To construct the Hi-C library, we collected the foot of C. cathayensis and then treated it with 1–3% formaldehyde at room temperature for 20 min. Subsequently, the gDNA was extracted by the modified CTAB method, and then the restriction enzyme of Mbo I and biotinylated residues were used to digest the gDNA and repair the 5′ overhang, respectively. One PE library was constructed with a 300 bp insert size using the Hi-C library preparation protocol. Then, sequencing was performed on Illumina NovaSeq platform and the low-quality reads were filtered out using the fastp software (Version 0.19.5; default parameters) [16]. The Hi-C library was constructed and sequenced with 180.24× coverage (Supplementary Table S1) on the illumina Novaseq 6000 platform to accomplish a chromosome-level genome assembly following the method in [17]. The library was sequenced on the illumina Novaseq 6000 platform.

2.2. Genome Size Estimation and Genome Assembly

A k-mer-based method, by making use of Illumina short reads (134.72× coverage) (Supplementary Table S1), was applied to estimate the genome size, heterozygosity, and repeat content in C. cathayensis [18]. The PacBio Sequel II sequencing platform was selected for generating long reads with 43.78× coverage and used for genome assembly with HiFiasm software (Version 0.16.1; default parameters) [19].
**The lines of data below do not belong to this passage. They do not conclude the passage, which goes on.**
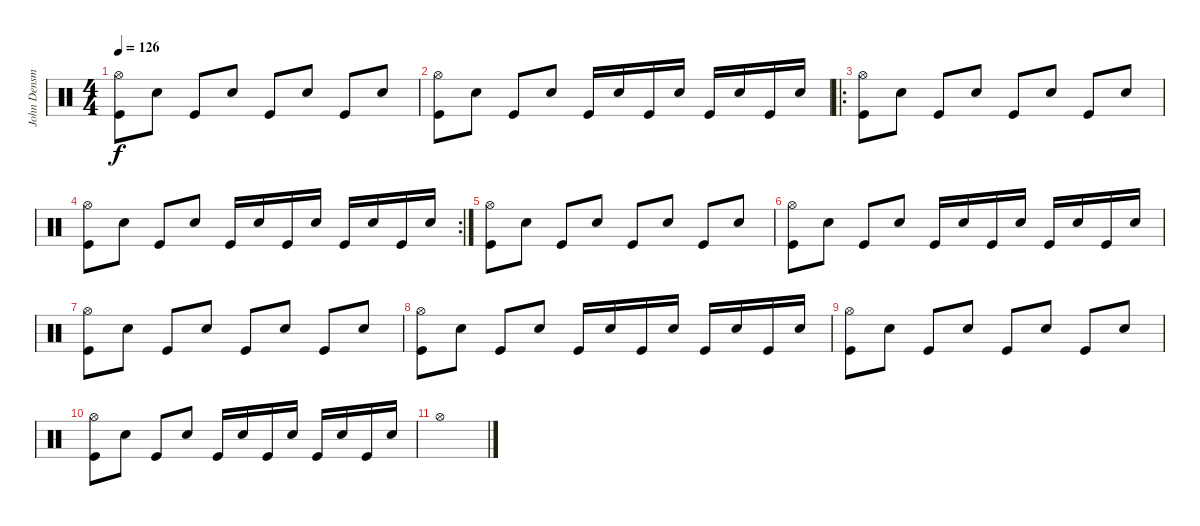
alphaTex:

\track ("John Densmore" "John Densm") {instrument percussion}
\staff {score}
\articulation defaults
\ts (4 4)
\tempo 126
\clef neutral
\ks c
("Kick (hit)" "Hi-Hat (open)").8{dy f} "Snare (hit) 2".8 "Kick (hit)".8 "Snare (hit) 2".8 "Kick (hit)".8 "Snare (hit) 2".8 "Kick (hit)".8 "Snare (hit) 2".8 |
("Kick (hit)" "Hi-Hat (open)").8 "Snare (hit) 2".8 "Kick (hit)".8 "Snare (hit) 2".8 "Kick (hit)".16 "Snare (hit) 2".16 "Kick (hit)".16 "Snare (hit) 2".16 "Kick (hit)".16 "Snare (hit) 2".16 "Kick (hit)".16 "Snare (hit) 2".16 |
\ro
("Kick (hit)" "Hi-Hat (open)").8 "Snare (hit) 2".8 "Kick (hit)".8 "Snare (hit) 2".8 "Kick (hit)".8 "Snare (hit) 2".8 "Kick (hit)".8 "Snare (hit) 2".8 |
\rc 2
("Kick (hit)" "Hi-Hat (open)").8 "Snare (hit) 2".8 "Kick (hit)".8 "Snare (hit) 2".8 "Kick (hit)".16 "Snare (hit) 2".16 "Kick (hit)".16 "Snare (hit) 2".16 "Kick (hit)".16 "Snare (hit) 2".16 "Kick (hit)".16 "Snare (hit) 2".16 |
("Kick (hit)" "Hi-Hat (open)").8 "Snare (hit) 2".8 "Kick (hit)".8 "Snare (hit) 2".8 "Kick (hit)".8 "Snare (hit) 2".8 "Kick (hit)".8 "Snare (hit) 2".8 |
("Kick (hit)" "Hi-Hat (open)").8 "Snare (hit) 2".8 "Kick (hit)".8 "Snare (hit) 2".8 "Kick (hit)".16 "Snare (hit) 2".16 "Kick (hit)".16 "Snare (hit) 2".16 "Kick (hit)".16 "Snare (hit) 2".16 "Kick (hit)".16 "Snare (hit) 2".16 |
("Kick (hit)" "Hi-Hat (open)").8 "Snare (hit) 2".8 "Kick (hit)".8 "Snare (hit) 2".8 "Kick (hit)".8 "Snare (hit) 2".8 "Kick (hit)".8 "Snare (hit) 2".8 |
("Kick (hit)" "Hi-Hat (open)").8 "Snare (hit) 2".8 "Kick (hit)".8 "Snare (hit) 2".8 "Kick (hit)".16 "Snare (hit) 2".16 "Kick (hit)".16 "Snare (hit) 2".16 "Kick (hit)".16 "Snare (hit) 2".16 "Kick (hit)".16 "Snare (hit) 2".16 |
("Kick (hit)" "Hi-Hat (open)").8 "Snare (hit) 2".8 "Kick (hit)".8 "Snare (hit) 2".8 "Kick (hit)".8 "Snare (hit) 2".8 "Kick (hit)".8 "Snare (hit) 2".8 |
("Kick (hit)" "Hi-Hat (open)").8 "Snare (hit) 2".8 "Kick (hit)".8 "Snare (hit) 2".8 "Kick (hit)".16 "Snare (hit) 2".16 "Kick (hit)".16 "Snare (hit) 2".16 "Kick (hit)".16 "Snare (hit) 2".16 "Kick (hit)".16 "Snare (hit) 2".16 |
"Hi-Hat (open)".1
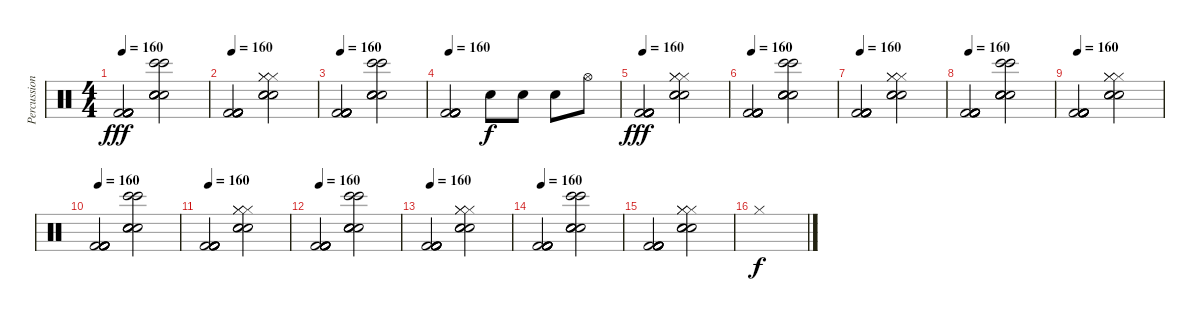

2.3. Hi-C-assisted Chromosome-Level Assembly

The reads were mapped to a non-redundant genome with a bowtie2 (Version 2.4.5) [20]. using default parameters. We removed the redundancy of the preliminarily assembled genome via purge haplotigs (Version 1.0.4) with default parameters [21]. Using Minimap2 (Version 2.23) and SAMtools (Version 1.9) software, we selected the read pairs that were uniquely aligned to the genome at both ends for genome assembly. Subsequently, 3D-DNA with default parameters was used for chromosome-level genome assembly [22] with default settings. The positions and directions of the small contigs were adjusted with Juicebox (VersionVersion 1.11.08) using default parameters [23] manually based on the degree of contig interaction to form the chromosome.

2.4. Repeat Annotation, Gene Prediction, and Gene Functional Annotation

Before gene prediction, repeat elements of C. cathayensis genome were annotated via homology searches and de novo predictions. RepeatMasker (Version 4.0.9) [24] and Repeat ProteinMask (Version 4.1.0) with default parameters were performed to detect and classify the known repetitive elements by comparing sequences to the Repbase database (https://www.girinst.org/repbase/, accessed on 22 December 2022) [25].

Tandem Repeat Finder (Version 4.09) [26] was executed for the tandem repeat elements detection based on sequence features. Long terminal repeat (LTR)_FINDER (Version 1.0.7) was also applied to ab initio predict the repetitive elements [27], and RepeatModeler (Version 1.0.11) [28] was used for de novo prediction based on libraries de novo constructed with LTR_FINDER (Version 1.0.7) using default parameters, PILER [29], and RepeatScout (Version 1.0.6) [30].

Based on Rfam (Version 14.0) using “cmscan—rfam—nohmmonly evalue 0.01” parameters [31] and miRbase [32] databases, Infernal (Version 1.1) [33] was applied to predict the ribosome RNAs and micro-RNAs, respectively. tRNAscan-SE (Version 1.3.1) with default parameters was used for predicting transfer RNAs [34].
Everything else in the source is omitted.